ARG gdrcopy_version=2.5.1
RUN git clone --depth 1 --branch v${gdrcopy_version} https://github.com/NVIDIA/gdrcopy.git \
    && cd gdrcopy \
    && export CUDA_PATH=/usr/local/cuda \
    && make CC=gcc CUDA=$CUDA_PATH lib \
    && make lib_install \
    && cd ../ && rm -rf gdrcopy

# Install libfabric
ARG libfabric_version=1.22.0
RUN git clone --branch v${libfabric_version} --depth 1 https://github.com/ofiwg/libfabric.git \
    && cd libfabric \
    && ./autogen.sh \
    && ./configure --prefix=/usr --with-cuda=/usr/local/cuda --enable-cuda-dlopen \
       --enable-gdrcopy-dlopen --enable-efa \
    && make -j$(nproc) \
    && make install \
    && ldconfig \
    && cd .. \
    && rm -rf libfabric

# Install UCX
ARG UCX_VERSION=1.19.0
RUN wget https://github.com/openucx/ucx/releases/download/v${UCX_VERSION}/ucx-${UCX_VERSION}.tar.gz \
    && tar xzf ucx-${UCX_VERSION}.tar.gz \
    && cd ucx-${UCX_VERSION} \
    && mkdir build \
    && cd build \
    && ../configure --prefix=/usr --with-cuda=/usr/local/cuda --with-gdrcopy=/usr/local \
       --enable-mt --enable-devel-headers \
    && make -j$(nproc) \
    && make install \
    && cd ../.. \
    && rm -rf ucx-${UCX_VERSION}.tar.gz ucx-${UCX_VERSION}

Tuning libfabric

Tuning libfabric (particularly together with Cray MPICH, OpenMPI, and NCCL) depends on many factors, including the application, workload, and system.
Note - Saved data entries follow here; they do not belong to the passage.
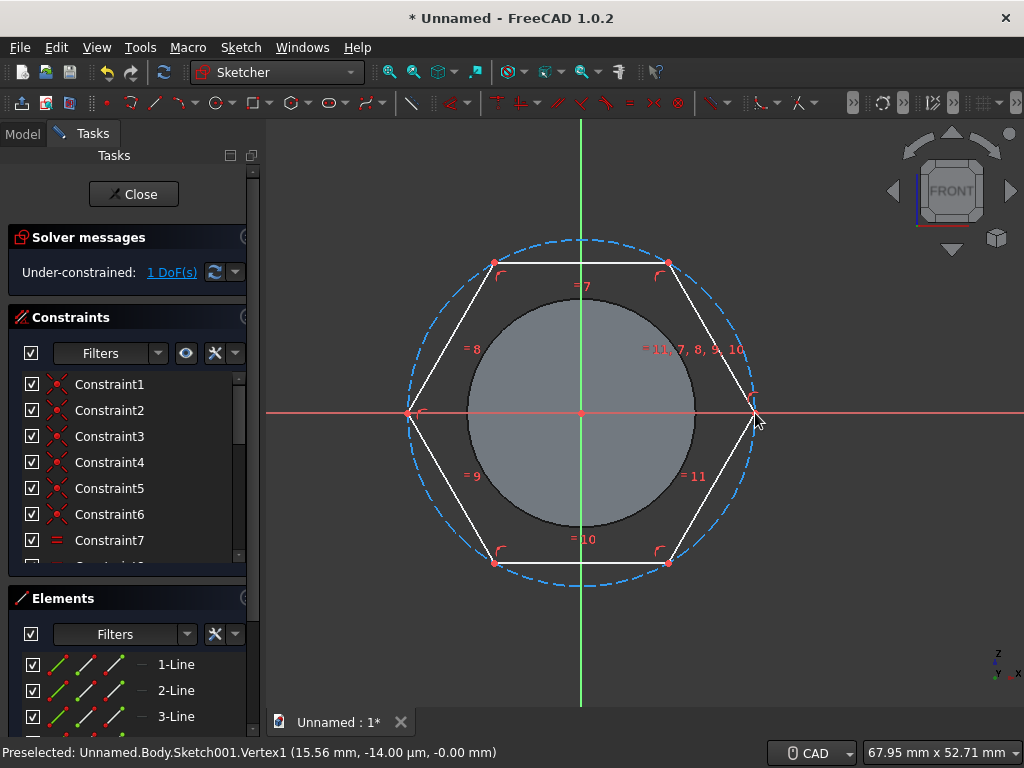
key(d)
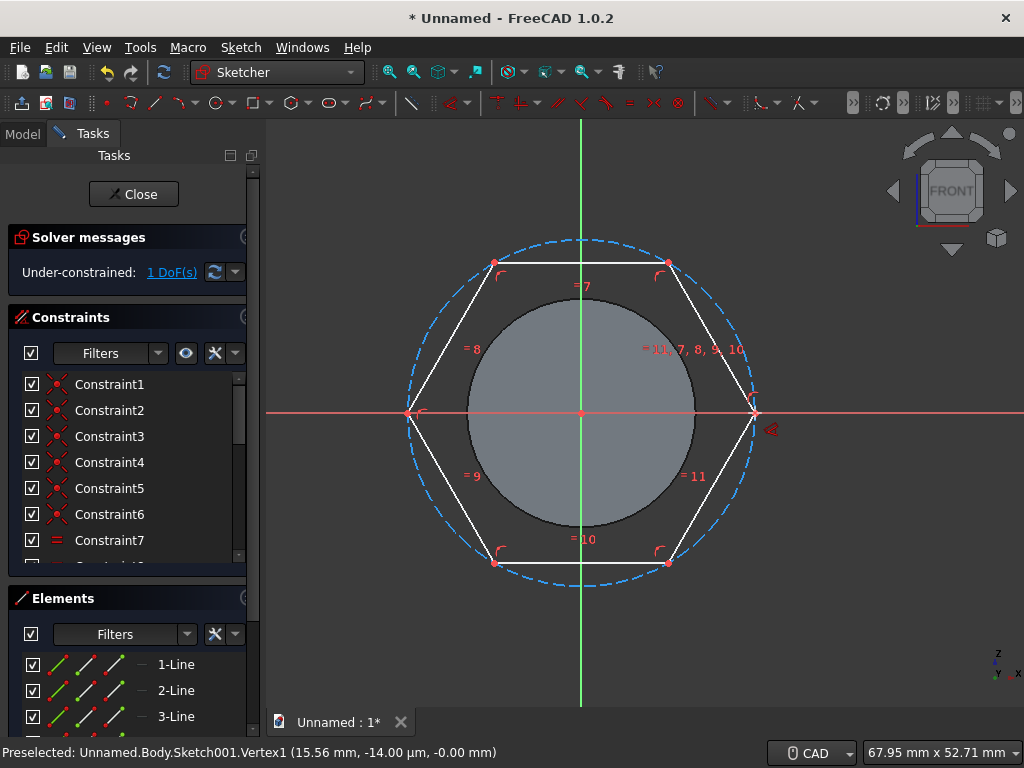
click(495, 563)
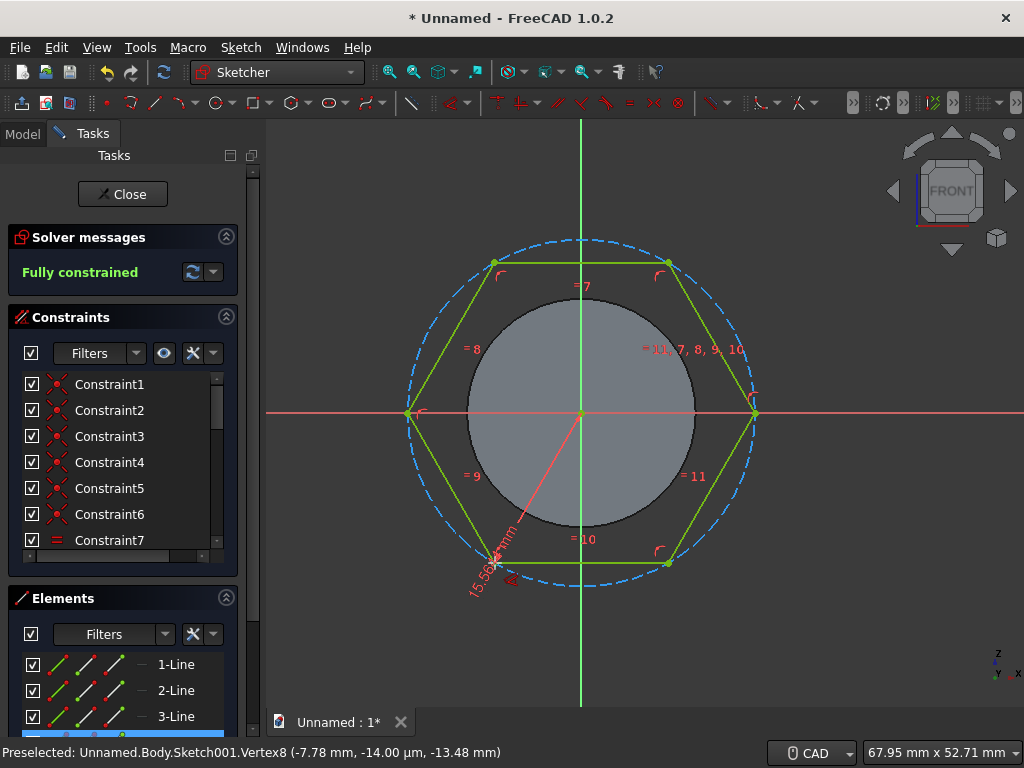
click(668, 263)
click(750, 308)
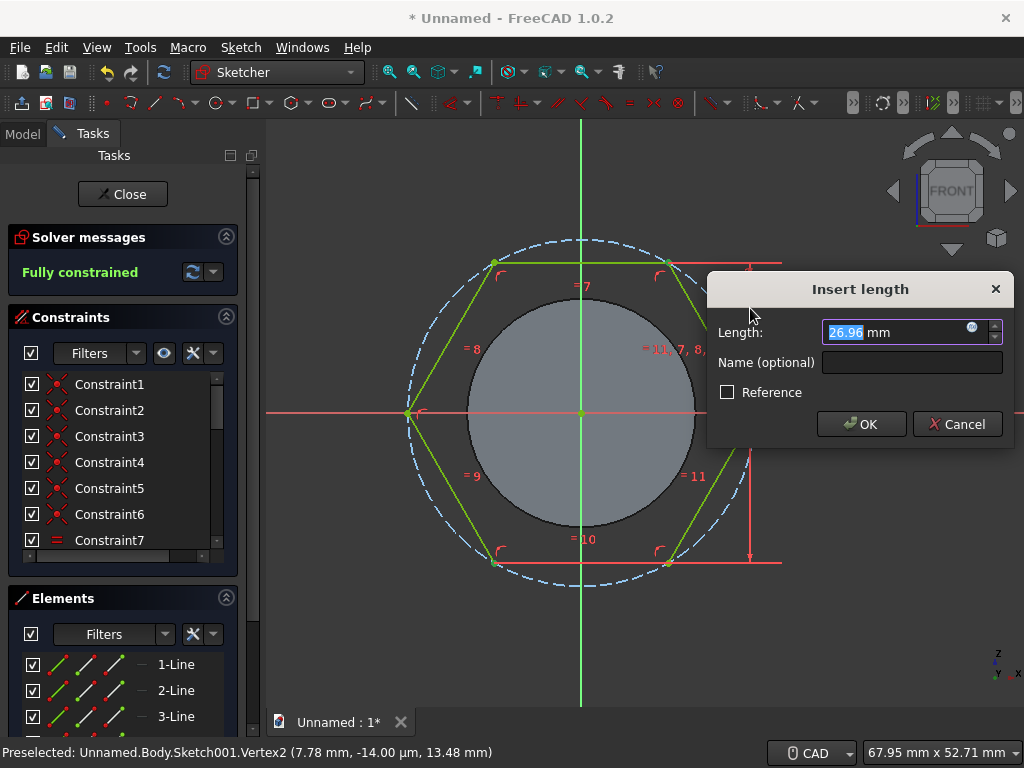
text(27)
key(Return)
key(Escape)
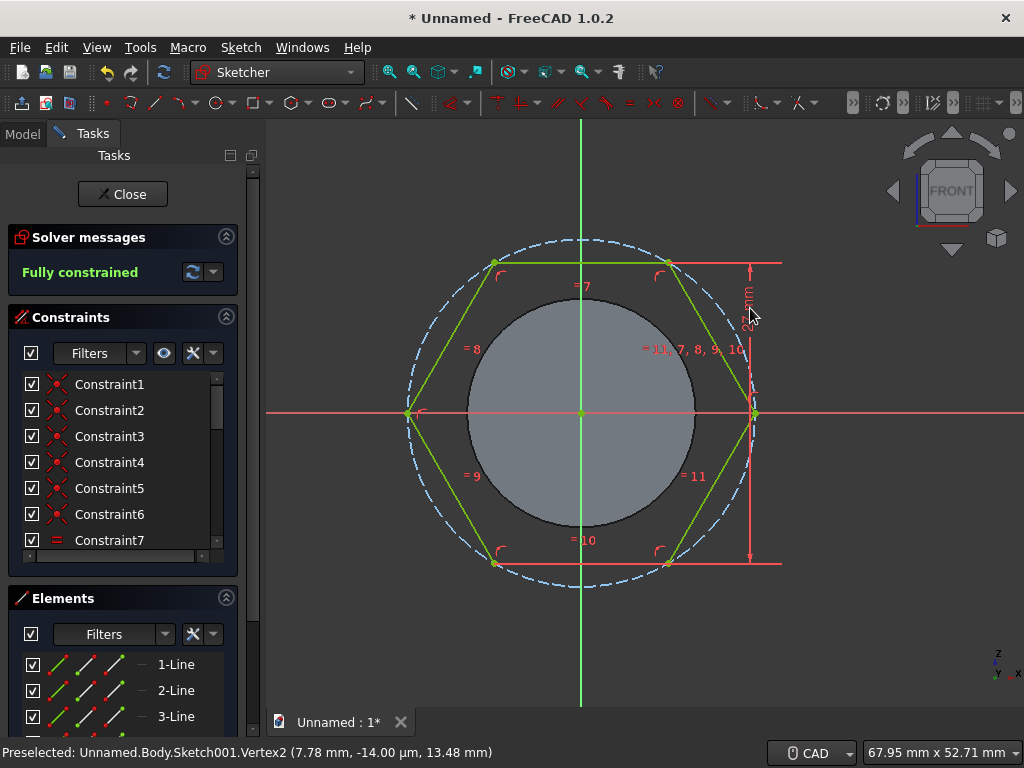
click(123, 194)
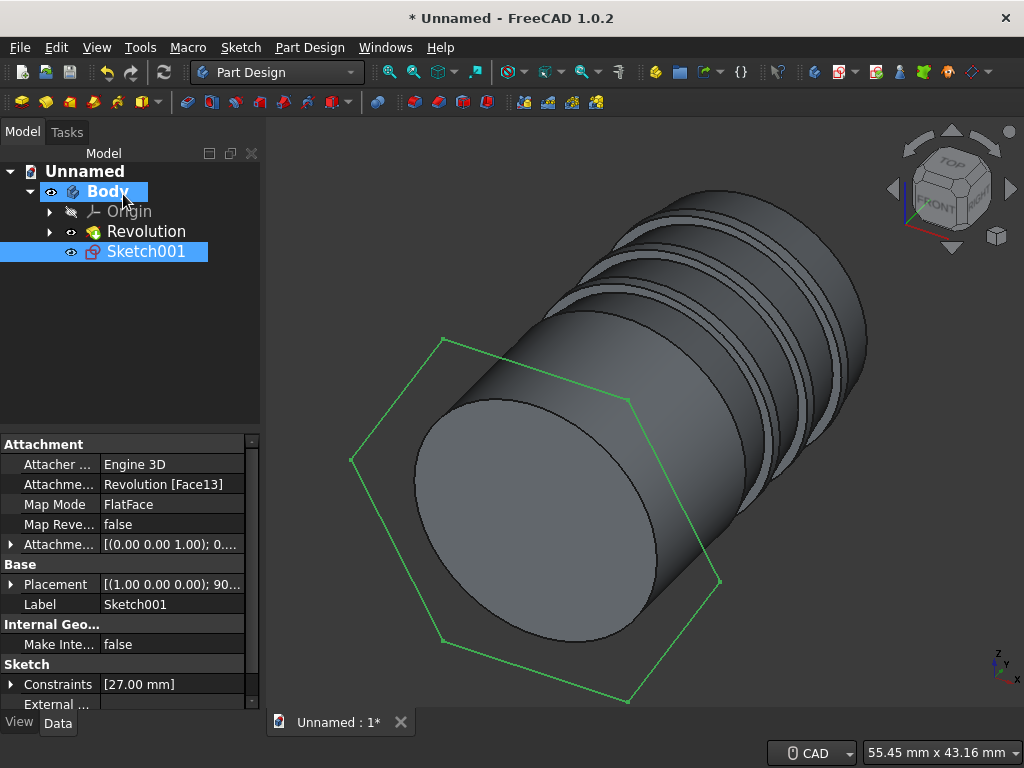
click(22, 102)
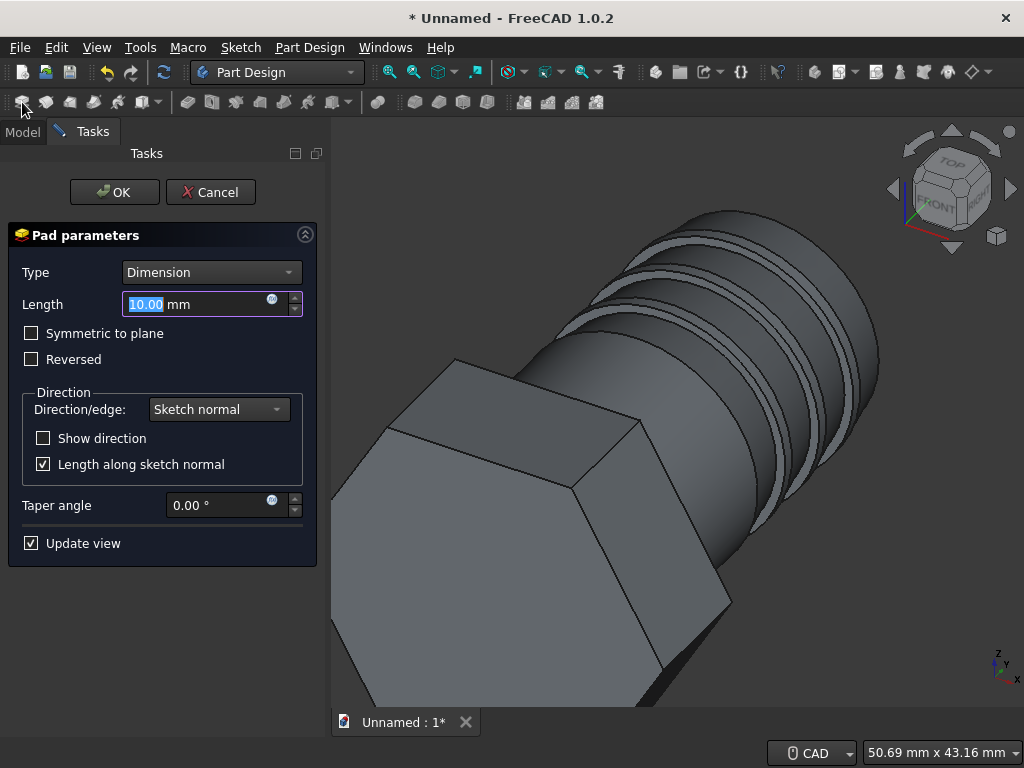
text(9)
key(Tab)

For a comprehensive overview libfabric options for the CXI provider (the provider for the Slingshot network), see the fi_cxi man pages. Note that the exact version deployed on Alps may differ, and not all options may be applicable on Alps.

See the Cray MPICH known issues page for issues when using Cray MPICH together with libfabric.